# RECORDS SUPPLIED:
↓↓↓
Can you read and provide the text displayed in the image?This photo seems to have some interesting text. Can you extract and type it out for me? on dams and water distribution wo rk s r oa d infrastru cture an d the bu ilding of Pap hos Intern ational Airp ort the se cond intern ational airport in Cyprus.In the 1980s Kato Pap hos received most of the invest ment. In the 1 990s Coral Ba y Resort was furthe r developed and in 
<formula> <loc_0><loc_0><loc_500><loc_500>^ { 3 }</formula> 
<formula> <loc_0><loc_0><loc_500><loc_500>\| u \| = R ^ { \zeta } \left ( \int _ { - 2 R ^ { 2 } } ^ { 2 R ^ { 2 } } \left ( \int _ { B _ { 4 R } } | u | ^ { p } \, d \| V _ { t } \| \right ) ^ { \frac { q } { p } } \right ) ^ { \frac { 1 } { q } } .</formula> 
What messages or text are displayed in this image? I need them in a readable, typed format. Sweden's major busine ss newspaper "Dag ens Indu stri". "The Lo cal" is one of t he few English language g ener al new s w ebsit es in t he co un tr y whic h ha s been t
↑↑↑
↓↓↓
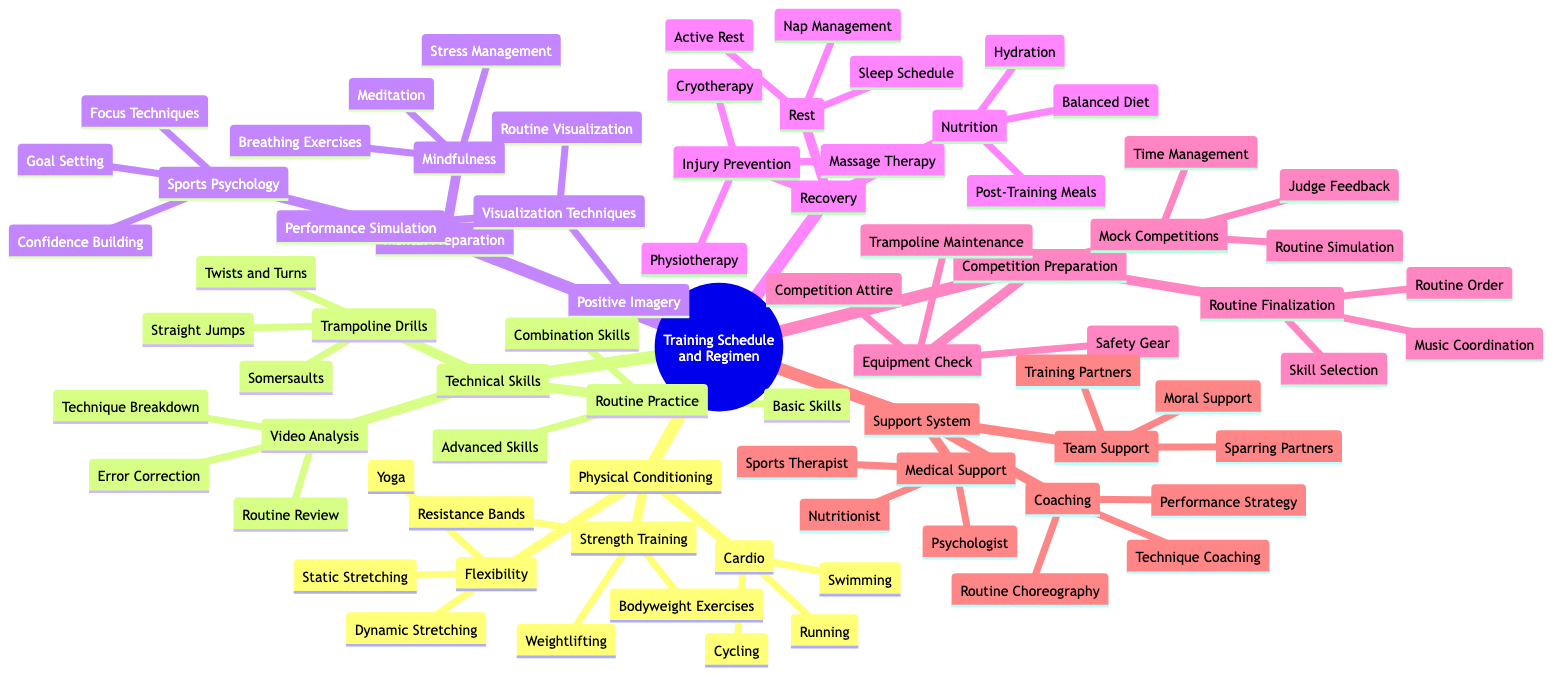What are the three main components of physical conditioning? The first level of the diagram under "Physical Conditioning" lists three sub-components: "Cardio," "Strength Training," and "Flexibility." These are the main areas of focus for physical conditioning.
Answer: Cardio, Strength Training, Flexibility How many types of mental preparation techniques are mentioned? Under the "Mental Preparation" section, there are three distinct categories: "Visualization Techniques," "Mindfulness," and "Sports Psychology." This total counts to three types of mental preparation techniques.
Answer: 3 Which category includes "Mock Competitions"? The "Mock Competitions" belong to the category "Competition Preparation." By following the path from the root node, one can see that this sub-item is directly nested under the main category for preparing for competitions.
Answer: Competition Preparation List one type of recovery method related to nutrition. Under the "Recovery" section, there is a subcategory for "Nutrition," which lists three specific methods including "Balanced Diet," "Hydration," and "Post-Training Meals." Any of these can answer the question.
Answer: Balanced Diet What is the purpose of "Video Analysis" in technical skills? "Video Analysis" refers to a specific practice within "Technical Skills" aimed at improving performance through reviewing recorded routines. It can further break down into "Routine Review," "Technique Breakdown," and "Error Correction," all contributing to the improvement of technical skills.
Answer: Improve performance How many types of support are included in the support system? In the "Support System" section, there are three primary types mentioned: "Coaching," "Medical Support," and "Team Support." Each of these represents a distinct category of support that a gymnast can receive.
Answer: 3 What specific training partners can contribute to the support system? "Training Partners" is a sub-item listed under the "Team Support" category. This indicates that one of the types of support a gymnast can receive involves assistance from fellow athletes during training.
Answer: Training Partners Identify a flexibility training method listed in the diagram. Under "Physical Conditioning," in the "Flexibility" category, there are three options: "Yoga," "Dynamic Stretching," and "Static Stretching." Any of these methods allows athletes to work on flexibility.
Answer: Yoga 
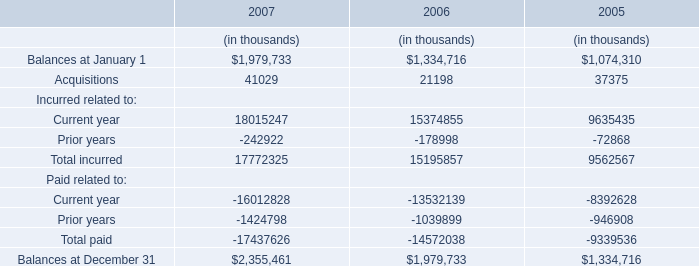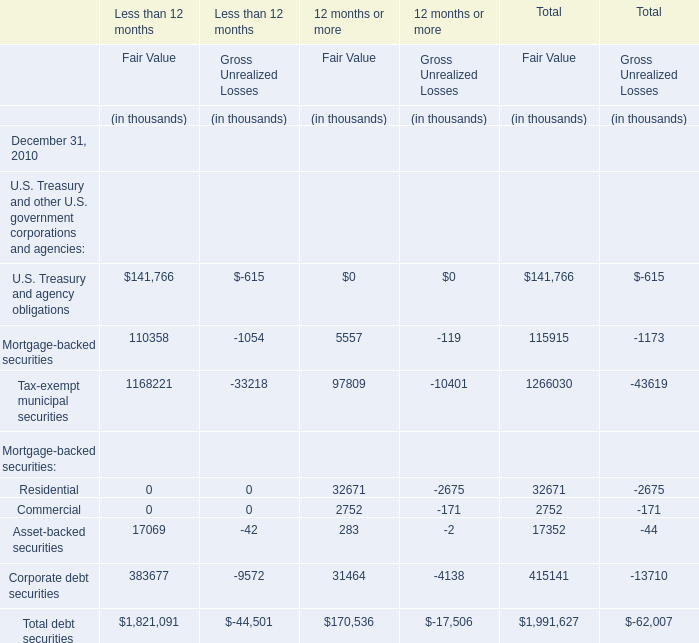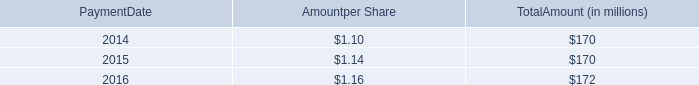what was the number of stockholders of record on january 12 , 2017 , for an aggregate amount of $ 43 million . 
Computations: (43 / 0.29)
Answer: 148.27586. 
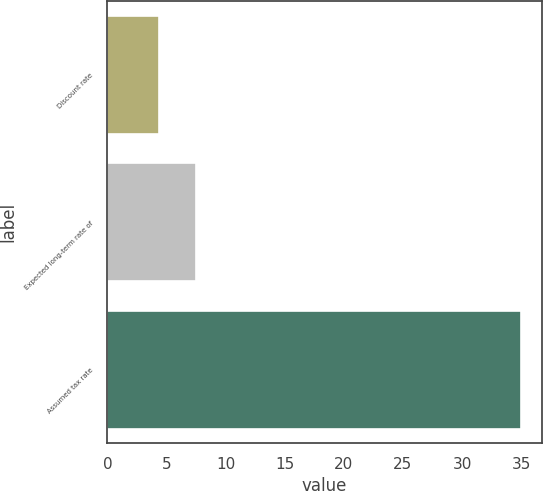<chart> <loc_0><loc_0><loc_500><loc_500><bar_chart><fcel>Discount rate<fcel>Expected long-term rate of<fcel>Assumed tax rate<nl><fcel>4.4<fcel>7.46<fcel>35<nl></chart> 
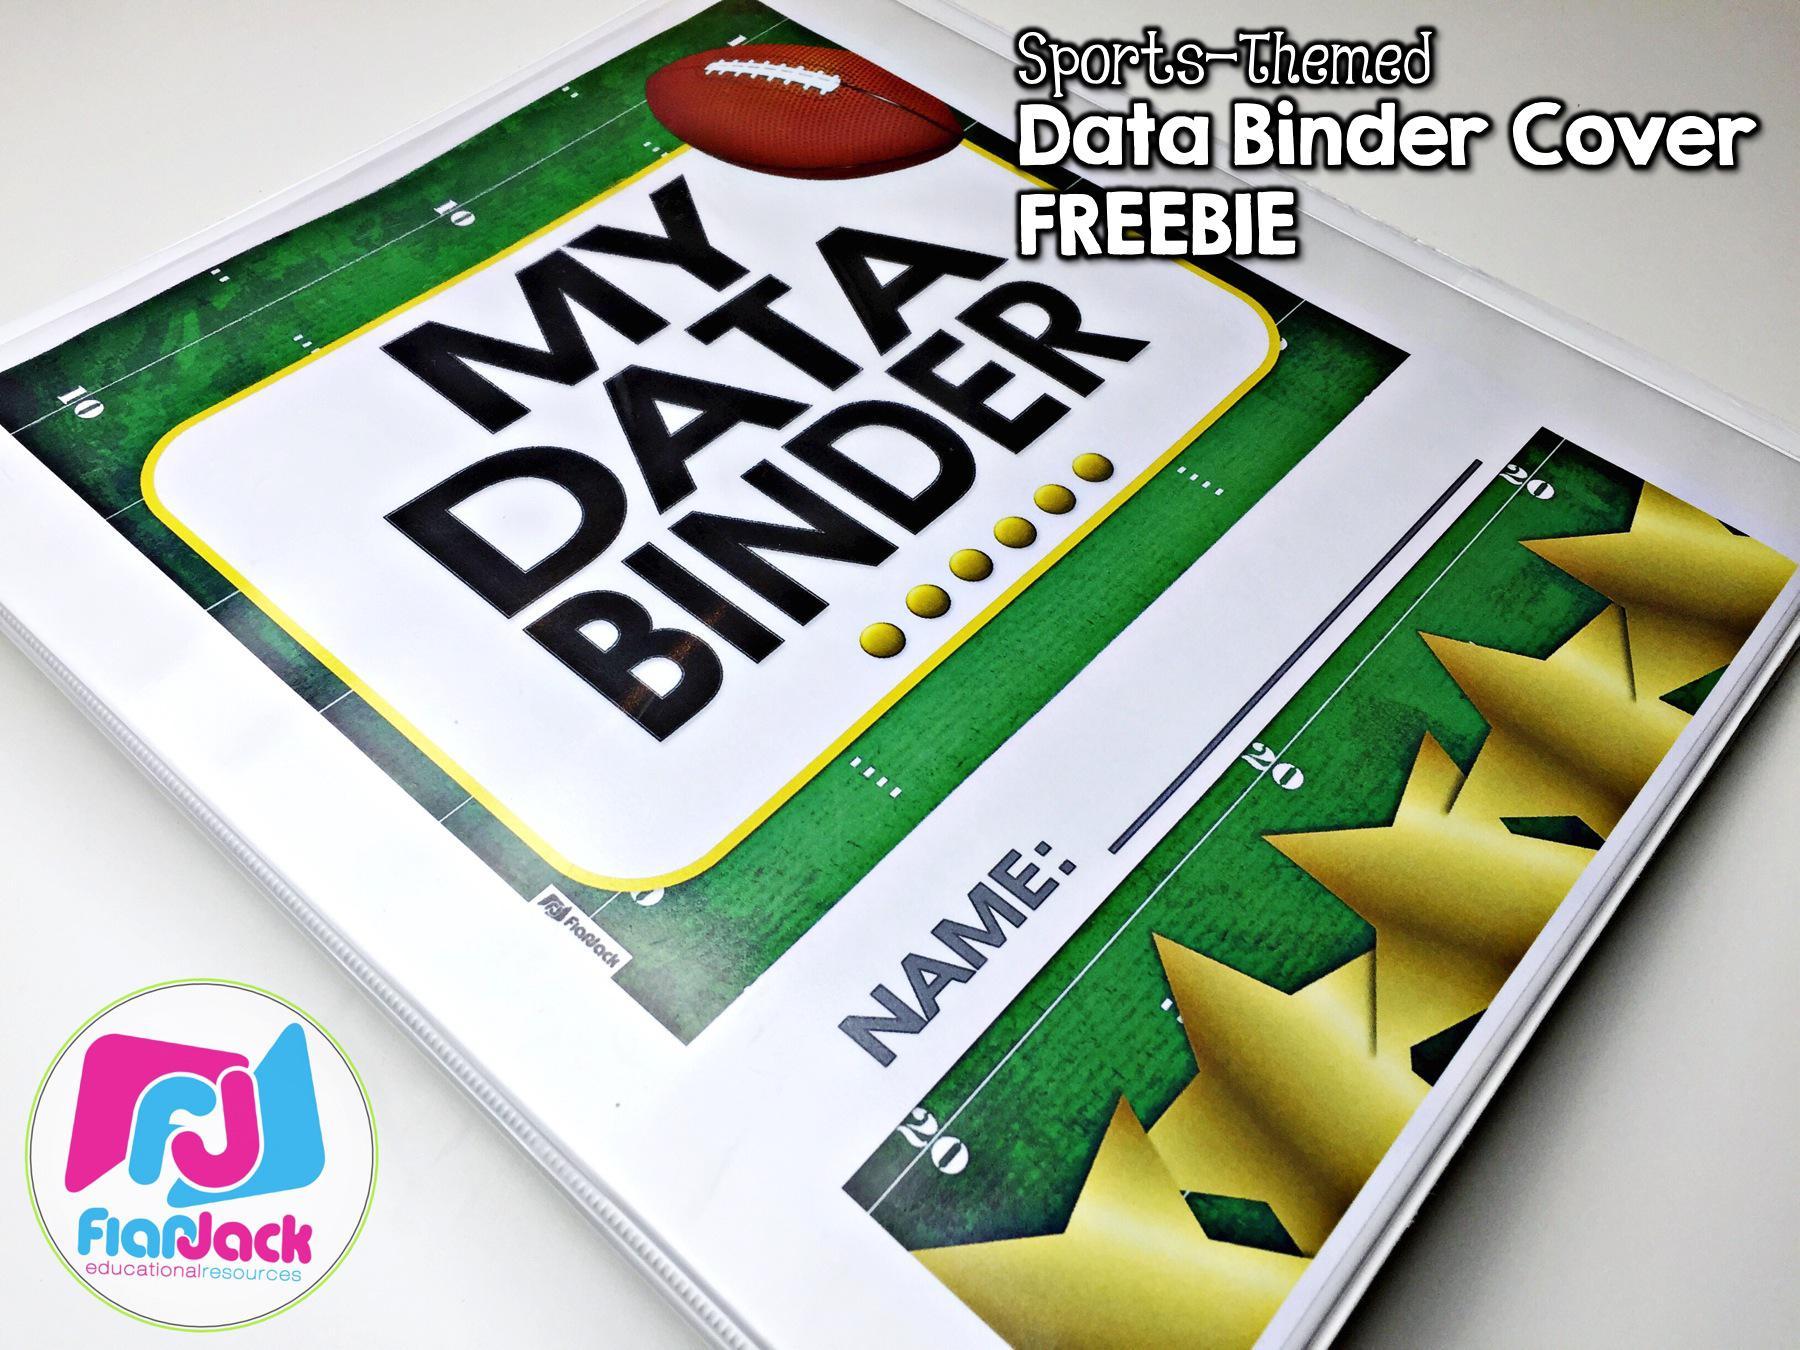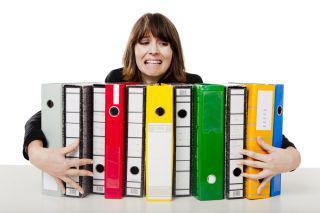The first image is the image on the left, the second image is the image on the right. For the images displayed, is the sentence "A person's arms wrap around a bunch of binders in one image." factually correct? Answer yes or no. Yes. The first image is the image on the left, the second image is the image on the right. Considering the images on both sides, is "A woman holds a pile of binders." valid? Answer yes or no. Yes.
↑↑↑
# PROBLEM STATEMENT:
Only one part of the material above is to be transcribed, namely the lines starting with the line that has "Can you read" and going on through the line that has "What messages or", exactly as they stand.

# TASK SOLUTION:
Can you read and provide the text displayed in the image?This photo seems to have some interesting text. Can you extract and type it out for me? on dams and water distribution wo rk s r oa d infrastru cture an d the bu ilding of Pap hos Intern ational Airp ort the se cond intern ational airport in Cyprus.In the 1980s Kato Pap hos received most of the invest ment. In the 1 990s Coral Ba y Resort was furthe r developed and in 
<formula> <loc_0><loc_0><loc_500><loc_500>^ { 3 }</formula> 
<formula> <loc_0><loc_0><loc_500><loc_500>\| u \| = R ^ { \zeta } \left ( \int _ { - 2 R ^ { 2 } } ^ { 2 R ^ { 2 } } \left ( \int _ { B _ { 4 R } } | u | ^ { p } \, d \| V _ { t } \| \right ) ^ { \frac { q } { p } } \right ) ^ { \frac { 1 } { q } } .</formula> 
What messages or text are displayed in this image? I need them in a readable, typed format. Sweden's major busine ss newspaper "Dag ens Indu stri". "The Lo cal" is one of t he few English language g ener al new s w ebsit es in t he co un tr y whic h ha s been t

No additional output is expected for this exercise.